The recipients of the in-principle new licences are: Infrastructure Development Finance Co Ltd, a Mumbai-based non-bank financial company that specialises in infrastructure lending and Bandhan Financial Services Pvt. Ltd., a microfinance organisation based in Kolkata.

Within the next 18 months, they are expected to open branches in conformity with the branch licensing policy of the Reserve Bank and also adhere to the credit pattern prescribed. In all probability, initially they may flock to the major cities to establish their branches to gain visibility and also to get a share of the banking business in the top banking centres. Bharathiya Mahila Bank has already shown the way by opening branches in a few state capitals.

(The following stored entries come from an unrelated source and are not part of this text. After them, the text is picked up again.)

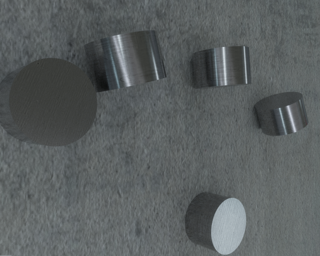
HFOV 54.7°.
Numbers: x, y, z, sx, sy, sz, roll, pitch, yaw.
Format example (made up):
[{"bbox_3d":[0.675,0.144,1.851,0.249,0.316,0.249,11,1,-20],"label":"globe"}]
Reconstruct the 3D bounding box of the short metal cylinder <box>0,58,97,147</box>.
[{"bbox_3d":[-0.109,-0.023,0.298,0.081,0.050,0.079,0,90,-40],"label":"short metal cylinder"}]

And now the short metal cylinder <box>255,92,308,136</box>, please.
[{"bbox_3d":[0.217,-0.026,0.555,0.081,0.080,0.050,-33,111,-35],"label":"short metal cylinder"}]

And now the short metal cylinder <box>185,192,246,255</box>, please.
[{"bbox_3d":[0.083,0.140,0.462,0.081,0.050,0.079,0,90,-40],"label":"short metal cylinder"}]

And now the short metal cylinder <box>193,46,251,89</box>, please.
[{"bbox_3d":[0.089,-0.085,0.446,0.081,0.080,0.050,-9,96,-40],"label":"short metal cylinder"}]

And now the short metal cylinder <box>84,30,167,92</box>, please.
[{"bbox_3d":[-0.037,-0.072,0.339,0.081,0.080,0.050,-21,104,-38],"label":"short metal cylinder"}]
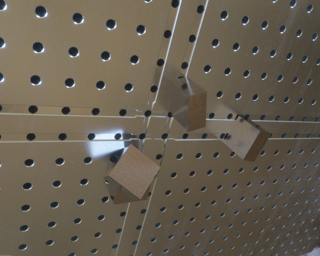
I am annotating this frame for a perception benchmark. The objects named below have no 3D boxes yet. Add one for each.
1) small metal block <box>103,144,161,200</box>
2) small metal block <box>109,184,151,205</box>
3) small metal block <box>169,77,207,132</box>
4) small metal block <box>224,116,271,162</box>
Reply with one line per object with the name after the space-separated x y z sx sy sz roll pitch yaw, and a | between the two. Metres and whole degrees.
-0.036 0.057 0.399 0.050 0.025 0.050 40 61 -11 | small metal block
-0.041 0.077 0.436 0.050 0.025 0.050 -2 119 -28 | small metal block
0.035 -0.031 0.394 0.025 0.050 0.050 -16 125 -19 | small metal block
0.133 0.016 0.477 0.025 0.050 0.050 13 112 -34 | small metal block
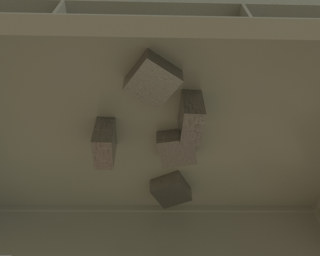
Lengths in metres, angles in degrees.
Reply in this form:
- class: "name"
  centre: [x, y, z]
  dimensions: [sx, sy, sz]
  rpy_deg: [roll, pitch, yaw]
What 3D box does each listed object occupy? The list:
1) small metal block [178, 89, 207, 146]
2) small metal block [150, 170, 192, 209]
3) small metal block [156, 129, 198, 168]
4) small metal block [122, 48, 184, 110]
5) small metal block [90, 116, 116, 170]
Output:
- class: "small metal block"
  centre: [0.038, -0.013, 0.382]
  dimensions: [0.025, 0.050, 0.050]
  rpy_deg: [3, 130, -3]
- class: "small metal block"
  centre: [0.018, 0.099, 0.494]
  dimensions: [0.050, 0.025, 0.050]
  rpy_deg: [-21, 127, 16]
- class: "small metal block"
  centre: [0.024, 0.028, 0.433]
  dimensions: [0.050, 0.025, 0.050]
  rpy_deg: [-8, 130, 6]
- class: "small metal block"
  centre: [-0.008, -0.056, 0.361]
  dimensions: [0.050, 0.025, 0.050]
  rpy_deg: [29, 124, -23]
- class: "small metal block"
  centre: [-0.073, 0.020, 0.409]
  dimensions: [0.025, 0.050, 0.050]
  rpy_deg: [2, 130, -2]
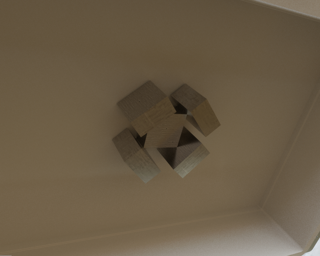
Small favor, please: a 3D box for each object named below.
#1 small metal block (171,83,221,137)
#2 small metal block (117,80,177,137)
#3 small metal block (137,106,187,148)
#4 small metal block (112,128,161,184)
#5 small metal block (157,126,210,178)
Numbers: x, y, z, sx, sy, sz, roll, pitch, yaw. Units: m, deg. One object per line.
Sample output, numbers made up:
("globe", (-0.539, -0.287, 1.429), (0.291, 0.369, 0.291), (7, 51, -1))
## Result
("small metal block", (0.046, -0.023, 0.400), (0.025, 0.050, 0.050), (-39, 130, -3))
("small metal block", (-0.017, -0.024, 0.366), (0.050, 0.050, 0.025), (-36, 128, -4))
("small metal block", (0.002, -0.002, 0.406), (0.050, 0.025, 0.050), (1, 118, -29))
("small metal block", (-0.030, 0.035, 0.395), (0.025, 0.050, 0.050), (-38, 129, -2))
("small metal block", (0.031, 0.032, 0.426), (0.050, 0.050, 0.025), (-43, 130, 0))
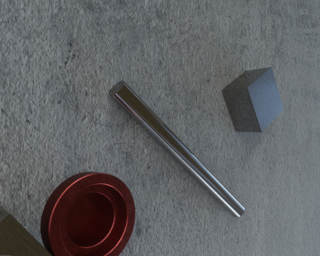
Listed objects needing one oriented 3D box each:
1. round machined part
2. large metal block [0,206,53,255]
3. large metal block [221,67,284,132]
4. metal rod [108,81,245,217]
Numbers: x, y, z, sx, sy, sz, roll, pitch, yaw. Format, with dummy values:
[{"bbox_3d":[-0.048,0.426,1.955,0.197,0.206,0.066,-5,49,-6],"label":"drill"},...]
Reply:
[{"bbox_3d":[-0.078,0.095,0.328,0.099,0.042,0.097,2,87,-42],"label":"round machined part"},{"bbox_3d":[-0.145,0.126,0.269,0.080,0.050,0.080,-46,118,-30],"label":"large metal block"},{"bbox_3d":[0.158,-0.048,0.524,0.080,0.050,0.080,-37,113,-34],"label":"large metal block"},{"bbox_3d":[0.039,0.045,0.439,0.300,0.025,0.025,46,63,-31],"label":"metal rod"}]

All banks have exhibited a tendency to rush to the top 10 banking centres, despite higher cost of operations. These centres are state capitals, with the single exception of Pune. Despite all, the forced spatial expansion of bank branches, 12 per cent of the bank branches are located in these 10 centres. They generate 47 per cent of the total deposits and 60 per cent of the total credit, as on September 2013.

In the next 90 banking centres, which include many state capitals and industrial towns, quantum of credit lent is only 17 per cent of the total, where 14 per cent of the branches are operating.

The next 100 centres could attract only 5 per cent of the total branches and could disburse 3.6 per cent of the total credit. They are all potential centres, not adequately nurtured by the banking sector. Will the new banks care to begin their innings from some of these centres?